> **What is required**
Scan the records and identify every line in which the string "Settings" occurs, then return those lines.

-.-.-

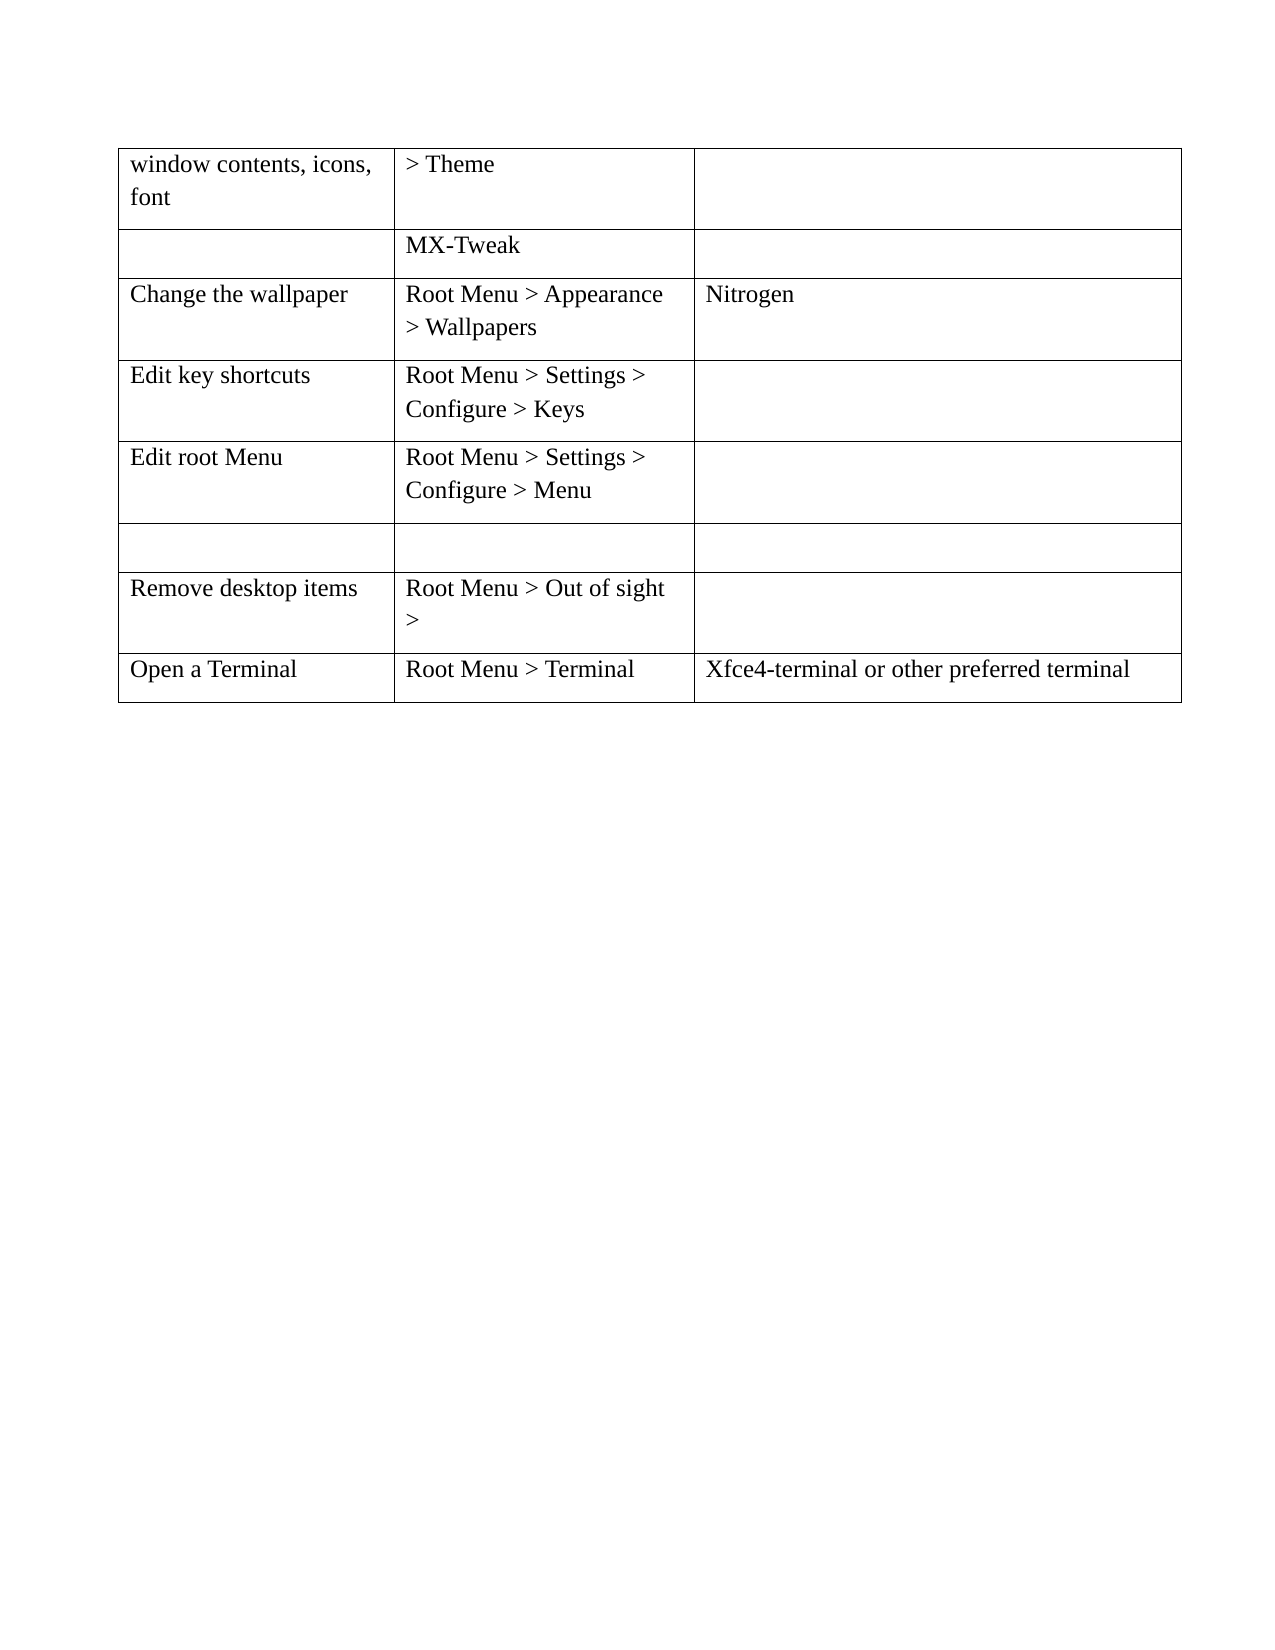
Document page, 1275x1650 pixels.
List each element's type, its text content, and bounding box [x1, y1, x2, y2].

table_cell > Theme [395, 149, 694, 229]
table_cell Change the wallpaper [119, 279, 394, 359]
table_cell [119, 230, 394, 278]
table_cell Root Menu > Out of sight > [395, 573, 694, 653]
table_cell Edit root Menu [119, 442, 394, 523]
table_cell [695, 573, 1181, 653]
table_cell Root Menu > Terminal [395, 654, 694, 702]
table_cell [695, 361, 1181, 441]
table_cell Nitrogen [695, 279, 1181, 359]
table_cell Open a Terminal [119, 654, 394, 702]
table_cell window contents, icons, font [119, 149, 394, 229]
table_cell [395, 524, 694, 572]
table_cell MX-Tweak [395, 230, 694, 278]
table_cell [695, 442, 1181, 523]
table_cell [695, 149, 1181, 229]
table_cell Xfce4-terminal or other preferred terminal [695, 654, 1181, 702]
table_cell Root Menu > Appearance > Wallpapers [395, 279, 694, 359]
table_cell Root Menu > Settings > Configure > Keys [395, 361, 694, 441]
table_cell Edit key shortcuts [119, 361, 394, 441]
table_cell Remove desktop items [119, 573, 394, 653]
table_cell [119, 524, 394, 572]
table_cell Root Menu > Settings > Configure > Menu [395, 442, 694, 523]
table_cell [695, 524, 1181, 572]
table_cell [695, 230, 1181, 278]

-.-.-

> **Output of the exercise**
table_cell Root Menu > Settings > Configure > Keys [395, 361, 694, 441]
table_cell Root Menu > Settings > Configure > Menu [395, 442, 694, 523]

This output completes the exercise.